During model development, one of the techniques that many don’t experiment with is feature discretization.

The core idea is to transform a continuous feature into discrete features, mostly one-hot encoded.

𝐖𝐡𝐲 𝐰𝐨𝐮𝐥𝐝 𝐰𝐞 𝐝𝐨 𝐭𝐡𝐚𝐭?

My rationale for using feature discretization has almost always been simple: “It just makes sense to discretize a feature.”

For instance, consider a transactional dataset that has an age feature.

We wish to understand the spending behavior of users.

In such cases, continuous features like age are better understood when they are discretized into meaningful groups → youngsters, adults, and seniors.

Modeling this dataset without discretization will result in some coefficients for each feature.

They would tell us the influence of each feature on the final prediction.

But if you think again, in our goal of understanding spending behavior, are we really interested in learning the correlation between exact age and spending behavior?

It makes very little sense to do that.

Instead, it makes more sense to learn the correlation between different age groups and spending behavior.

Thus, discretizing the age feature can unveil much more valuable insights.

𝐀𝐝𝐯𝐚𝐧𝐭𝐚𝐠𝐞𝐬

In fact, one advantage of feature discretization is that it enables non-linear behavior in a linear model.

This can potentially lead to better accuracy, which is also evident from the image below.

A linear model with feature discretization results in a:
– non-linear decision boundary.
– better test accuracy.

So, in a way, we use a simple linear model but still get to learn non-linear patterns.

Another advantage is that it helps us improve the signal-to-noise ratio.
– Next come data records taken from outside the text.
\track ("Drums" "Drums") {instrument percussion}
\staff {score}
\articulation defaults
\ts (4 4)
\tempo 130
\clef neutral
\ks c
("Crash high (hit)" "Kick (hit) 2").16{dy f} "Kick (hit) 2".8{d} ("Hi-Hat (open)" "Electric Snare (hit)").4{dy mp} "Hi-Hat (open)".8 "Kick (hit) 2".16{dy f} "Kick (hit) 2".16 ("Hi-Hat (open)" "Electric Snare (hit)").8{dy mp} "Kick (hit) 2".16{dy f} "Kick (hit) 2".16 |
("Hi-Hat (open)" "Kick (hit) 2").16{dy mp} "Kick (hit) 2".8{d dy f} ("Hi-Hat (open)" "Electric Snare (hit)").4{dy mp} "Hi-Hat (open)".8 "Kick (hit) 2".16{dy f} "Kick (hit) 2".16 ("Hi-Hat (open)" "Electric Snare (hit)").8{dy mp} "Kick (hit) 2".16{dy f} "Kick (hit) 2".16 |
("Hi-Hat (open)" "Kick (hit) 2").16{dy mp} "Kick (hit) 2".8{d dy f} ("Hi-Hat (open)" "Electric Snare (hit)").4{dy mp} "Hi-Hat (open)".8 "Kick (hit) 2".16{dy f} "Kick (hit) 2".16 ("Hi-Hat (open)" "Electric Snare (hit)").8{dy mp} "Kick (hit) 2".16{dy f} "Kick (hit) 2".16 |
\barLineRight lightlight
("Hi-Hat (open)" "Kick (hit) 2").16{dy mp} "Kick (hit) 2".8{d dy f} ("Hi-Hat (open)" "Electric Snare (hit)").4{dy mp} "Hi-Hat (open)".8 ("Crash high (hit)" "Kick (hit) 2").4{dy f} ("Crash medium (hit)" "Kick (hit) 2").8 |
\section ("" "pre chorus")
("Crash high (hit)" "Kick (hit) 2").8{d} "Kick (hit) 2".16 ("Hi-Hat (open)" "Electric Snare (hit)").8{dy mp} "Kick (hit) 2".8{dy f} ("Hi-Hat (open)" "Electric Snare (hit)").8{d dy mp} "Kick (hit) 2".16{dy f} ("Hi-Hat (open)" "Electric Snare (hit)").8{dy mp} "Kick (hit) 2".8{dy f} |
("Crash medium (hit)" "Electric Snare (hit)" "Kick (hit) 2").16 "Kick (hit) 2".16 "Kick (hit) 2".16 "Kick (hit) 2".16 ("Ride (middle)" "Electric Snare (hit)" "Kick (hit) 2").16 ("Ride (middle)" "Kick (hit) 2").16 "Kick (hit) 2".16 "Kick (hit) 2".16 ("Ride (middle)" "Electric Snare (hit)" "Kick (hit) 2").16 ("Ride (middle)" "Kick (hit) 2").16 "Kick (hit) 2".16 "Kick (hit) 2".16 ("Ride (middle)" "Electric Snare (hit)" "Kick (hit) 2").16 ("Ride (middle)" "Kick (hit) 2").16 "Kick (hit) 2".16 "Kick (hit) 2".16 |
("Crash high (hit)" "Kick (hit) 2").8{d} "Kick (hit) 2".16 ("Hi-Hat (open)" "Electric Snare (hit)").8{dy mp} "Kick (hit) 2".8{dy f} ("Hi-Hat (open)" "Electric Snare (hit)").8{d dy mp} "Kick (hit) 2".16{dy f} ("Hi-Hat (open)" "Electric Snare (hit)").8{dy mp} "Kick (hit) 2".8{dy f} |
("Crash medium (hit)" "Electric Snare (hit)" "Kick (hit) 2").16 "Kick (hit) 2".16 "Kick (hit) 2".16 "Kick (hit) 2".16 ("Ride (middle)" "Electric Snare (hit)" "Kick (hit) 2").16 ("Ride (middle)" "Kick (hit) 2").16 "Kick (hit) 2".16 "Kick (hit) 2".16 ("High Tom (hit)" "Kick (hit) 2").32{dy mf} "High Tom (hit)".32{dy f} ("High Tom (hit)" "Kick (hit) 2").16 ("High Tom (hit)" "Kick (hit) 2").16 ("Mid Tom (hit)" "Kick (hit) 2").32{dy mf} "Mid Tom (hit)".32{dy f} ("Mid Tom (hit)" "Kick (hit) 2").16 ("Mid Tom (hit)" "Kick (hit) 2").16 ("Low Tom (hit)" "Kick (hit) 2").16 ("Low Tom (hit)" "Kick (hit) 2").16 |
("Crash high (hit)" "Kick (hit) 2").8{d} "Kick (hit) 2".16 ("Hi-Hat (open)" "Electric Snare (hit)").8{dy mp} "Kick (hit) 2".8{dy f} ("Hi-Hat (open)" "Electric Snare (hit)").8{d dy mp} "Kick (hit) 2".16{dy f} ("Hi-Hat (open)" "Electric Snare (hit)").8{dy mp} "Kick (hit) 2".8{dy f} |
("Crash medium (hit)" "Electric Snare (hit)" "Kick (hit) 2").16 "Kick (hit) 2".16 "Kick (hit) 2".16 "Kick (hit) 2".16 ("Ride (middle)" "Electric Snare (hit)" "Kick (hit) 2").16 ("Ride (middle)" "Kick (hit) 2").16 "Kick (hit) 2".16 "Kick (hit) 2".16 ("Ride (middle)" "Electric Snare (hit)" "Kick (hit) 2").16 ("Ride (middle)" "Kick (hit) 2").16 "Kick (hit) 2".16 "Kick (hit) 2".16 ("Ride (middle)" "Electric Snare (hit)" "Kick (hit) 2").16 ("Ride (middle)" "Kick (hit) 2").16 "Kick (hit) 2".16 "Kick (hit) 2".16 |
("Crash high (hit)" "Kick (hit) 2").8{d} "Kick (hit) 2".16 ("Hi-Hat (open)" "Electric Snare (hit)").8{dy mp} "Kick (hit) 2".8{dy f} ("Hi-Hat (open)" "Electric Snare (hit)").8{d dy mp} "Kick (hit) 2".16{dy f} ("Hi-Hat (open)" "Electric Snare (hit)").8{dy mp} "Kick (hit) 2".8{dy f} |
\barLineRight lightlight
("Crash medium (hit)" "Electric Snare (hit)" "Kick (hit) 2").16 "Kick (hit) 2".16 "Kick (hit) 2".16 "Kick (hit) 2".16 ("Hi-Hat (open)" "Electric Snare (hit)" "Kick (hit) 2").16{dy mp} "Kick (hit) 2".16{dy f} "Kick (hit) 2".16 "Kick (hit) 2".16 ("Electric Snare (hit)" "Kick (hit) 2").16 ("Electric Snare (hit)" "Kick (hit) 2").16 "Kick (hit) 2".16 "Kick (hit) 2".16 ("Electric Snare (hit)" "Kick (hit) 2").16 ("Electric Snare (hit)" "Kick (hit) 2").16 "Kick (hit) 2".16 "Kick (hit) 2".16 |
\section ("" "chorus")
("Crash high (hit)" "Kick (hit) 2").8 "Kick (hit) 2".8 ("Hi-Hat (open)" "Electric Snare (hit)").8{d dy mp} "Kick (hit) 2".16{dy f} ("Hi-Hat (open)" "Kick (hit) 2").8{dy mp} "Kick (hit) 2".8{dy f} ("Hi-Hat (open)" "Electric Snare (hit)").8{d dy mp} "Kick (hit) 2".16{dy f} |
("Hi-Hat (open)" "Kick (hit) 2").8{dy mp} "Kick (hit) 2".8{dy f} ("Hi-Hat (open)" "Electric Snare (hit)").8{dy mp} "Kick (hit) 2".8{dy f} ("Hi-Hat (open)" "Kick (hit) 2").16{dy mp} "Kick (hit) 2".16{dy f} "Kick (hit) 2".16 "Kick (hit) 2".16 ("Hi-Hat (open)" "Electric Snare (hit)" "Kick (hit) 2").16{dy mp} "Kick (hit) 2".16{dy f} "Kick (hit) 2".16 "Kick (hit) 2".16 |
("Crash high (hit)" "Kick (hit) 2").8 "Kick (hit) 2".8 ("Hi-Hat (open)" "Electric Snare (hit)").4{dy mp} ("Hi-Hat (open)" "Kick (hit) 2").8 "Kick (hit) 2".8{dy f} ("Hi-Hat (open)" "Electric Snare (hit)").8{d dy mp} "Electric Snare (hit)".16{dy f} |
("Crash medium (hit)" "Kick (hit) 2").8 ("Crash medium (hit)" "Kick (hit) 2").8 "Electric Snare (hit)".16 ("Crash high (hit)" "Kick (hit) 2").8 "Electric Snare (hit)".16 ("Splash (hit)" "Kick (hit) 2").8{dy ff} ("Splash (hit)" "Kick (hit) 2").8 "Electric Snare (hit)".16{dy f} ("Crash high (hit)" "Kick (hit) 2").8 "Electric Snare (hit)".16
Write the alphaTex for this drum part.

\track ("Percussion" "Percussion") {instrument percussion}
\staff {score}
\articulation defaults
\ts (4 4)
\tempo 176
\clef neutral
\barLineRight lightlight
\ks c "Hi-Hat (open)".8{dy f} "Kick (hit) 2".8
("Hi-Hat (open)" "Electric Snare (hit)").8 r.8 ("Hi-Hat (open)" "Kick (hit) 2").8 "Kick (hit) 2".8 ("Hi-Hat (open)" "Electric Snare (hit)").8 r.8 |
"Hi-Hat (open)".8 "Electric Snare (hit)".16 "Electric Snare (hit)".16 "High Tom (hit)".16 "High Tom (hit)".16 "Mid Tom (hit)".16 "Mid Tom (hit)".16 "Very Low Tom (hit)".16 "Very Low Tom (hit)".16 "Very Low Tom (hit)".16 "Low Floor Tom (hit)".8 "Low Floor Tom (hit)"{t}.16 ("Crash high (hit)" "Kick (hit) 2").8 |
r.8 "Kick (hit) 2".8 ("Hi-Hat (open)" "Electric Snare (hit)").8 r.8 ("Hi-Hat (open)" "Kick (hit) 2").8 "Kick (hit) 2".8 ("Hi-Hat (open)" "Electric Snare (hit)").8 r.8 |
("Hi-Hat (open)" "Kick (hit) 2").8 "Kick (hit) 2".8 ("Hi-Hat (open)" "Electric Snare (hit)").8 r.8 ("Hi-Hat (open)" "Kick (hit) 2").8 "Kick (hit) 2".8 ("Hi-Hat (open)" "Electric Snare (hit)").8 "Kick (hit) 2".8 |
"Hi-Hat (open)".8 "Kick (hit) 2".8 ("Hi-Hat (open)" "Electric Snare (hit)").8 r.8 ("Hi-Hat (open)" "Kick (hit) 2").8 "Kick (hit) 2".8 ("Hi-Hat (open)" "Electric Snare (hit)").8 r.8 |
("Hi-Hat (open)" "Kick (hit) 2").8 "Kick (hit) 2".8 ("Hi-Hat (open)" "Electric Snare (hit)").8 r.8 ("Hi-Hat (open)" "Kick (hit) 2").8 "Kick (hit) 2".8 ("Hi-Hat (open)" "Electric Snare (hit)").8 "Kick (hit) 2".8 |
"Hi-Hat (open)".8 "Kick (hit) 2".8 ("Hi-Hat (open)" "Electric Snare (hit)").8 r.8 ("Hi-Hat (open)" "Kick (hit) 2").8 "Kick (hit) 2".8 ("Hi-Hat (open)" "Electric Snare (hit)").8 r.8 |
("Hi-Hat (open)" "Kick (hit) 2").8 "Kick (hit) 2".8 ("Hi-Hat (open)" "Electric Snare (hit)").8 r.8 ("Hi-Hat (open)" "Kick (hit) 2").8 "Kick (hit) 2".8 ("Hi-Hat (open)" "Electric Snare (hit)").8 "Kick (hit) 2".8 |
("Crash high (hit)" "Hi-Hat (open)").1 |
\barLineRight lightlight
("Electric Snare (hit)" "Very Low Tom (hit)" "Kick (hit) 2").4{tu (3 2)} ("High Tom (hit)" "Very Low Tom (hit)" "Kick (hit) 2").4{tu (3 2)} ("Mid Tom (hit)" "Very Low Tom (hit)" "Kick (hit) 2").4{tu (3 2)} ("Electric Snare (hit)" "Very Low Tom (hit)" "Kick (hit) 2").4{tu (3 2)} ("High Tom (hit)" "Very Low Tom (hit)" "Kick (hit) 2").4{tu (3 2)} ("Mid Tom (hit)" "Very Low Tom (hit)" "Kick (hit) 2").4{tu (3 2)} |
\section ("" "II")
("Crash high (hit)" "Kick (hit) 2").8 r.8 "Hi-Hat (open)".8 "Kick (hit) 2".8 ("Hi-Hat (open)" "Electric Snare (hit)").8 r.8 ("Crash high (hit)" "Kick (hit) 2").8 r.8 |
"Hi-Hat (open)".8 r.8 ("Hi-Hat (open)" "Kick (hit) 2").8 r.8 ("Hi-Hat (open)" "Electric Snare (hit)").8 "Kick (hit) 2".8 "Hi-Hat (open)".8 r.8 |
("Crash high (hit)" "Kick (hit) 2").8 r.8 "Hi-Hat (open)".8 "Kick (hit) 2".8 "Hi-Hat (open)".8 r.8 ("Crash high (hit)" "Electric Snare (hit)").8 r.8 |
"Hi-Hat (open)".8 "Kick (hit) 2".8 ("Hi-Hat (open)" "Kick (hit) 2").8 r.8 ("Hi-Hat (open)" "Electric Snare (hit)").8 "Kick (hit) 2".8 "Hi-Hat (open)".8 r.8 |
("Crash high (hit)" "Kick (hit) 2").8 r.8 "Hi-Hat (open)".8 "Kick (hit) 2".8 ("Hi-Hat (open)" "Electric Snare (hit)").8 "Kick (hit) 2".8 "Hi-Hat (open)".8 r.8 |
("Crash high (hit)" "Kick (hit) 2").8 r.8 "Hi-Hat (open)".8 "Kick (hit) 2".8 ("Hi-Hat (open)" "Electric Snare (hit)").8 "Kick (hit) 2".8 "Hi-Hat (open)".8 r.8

Binnng a feature mitigates the influence of minor fluctuations, which are often noise.

𝐂𝐚𝐮𝐭𝐢𝐨𝐧𝐚𝐫𝐲 𝐦𝐞𝐚𝐬𝐮𝐫𝐞𝐬

Feature discretization with one-hot encoding increases the data dimensionality.

And typically, as we progress towards higher dimensions, data become more easily linearly separable.

Thus, feature discretization can lead to overfitting.

To avoid this, DON’T overly discretize your features.

Instead, use it when it makes intuitive sense, as we saw above.

Of course, its utility can vastly vary from one application to another, but I have found that:
– Discretizing geospatial data like latitude and longitude can be useful.
– Features that are typically constrained between a range, like age/weight-related data can be useful.